Required work: Once the pictures are set aside, repeat all of the data below exactly.

*** Opening of Dataset extract ***

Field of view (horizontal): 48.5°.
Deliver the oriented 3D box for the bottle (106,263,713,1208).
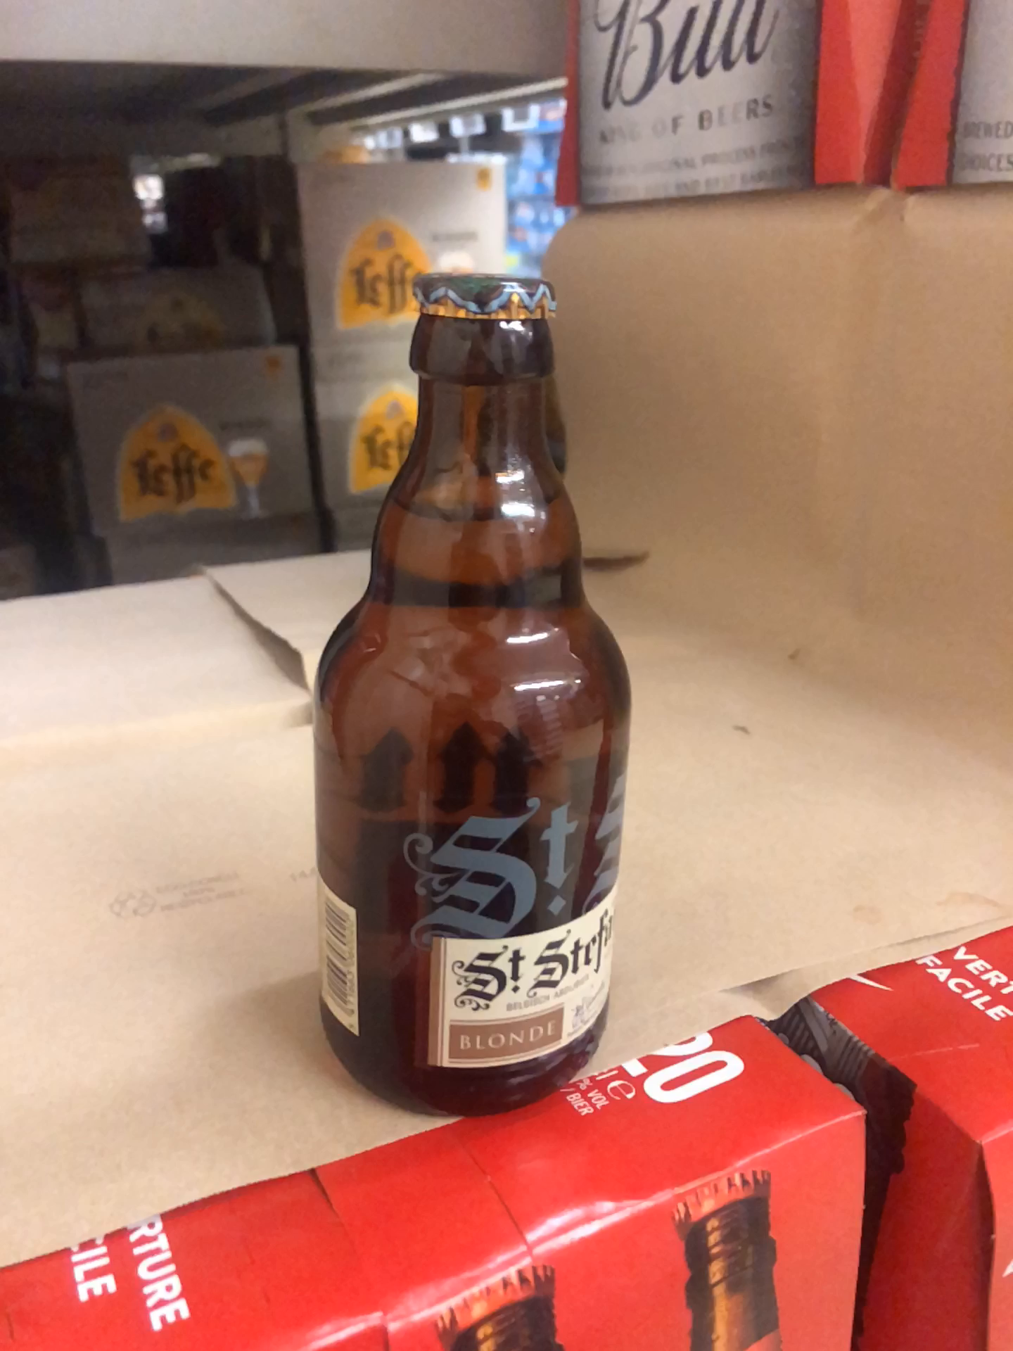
[{"bbox_3d":[-0.016,0.004,0.241,0.080,0.169,0.080,-1,21,0],"label":"bottle"}]

*** Close of Dataset extract ***

Reply to the task:
Field of view (horizontal): 48.5°.
Deliver the oriented 3D box for the bottle (106,263,713,1208).
[{"bbox_3d":[-0.016,0.004,0.241,0.080,0.169,0.080,-1,21,0],"label":"bottle"}]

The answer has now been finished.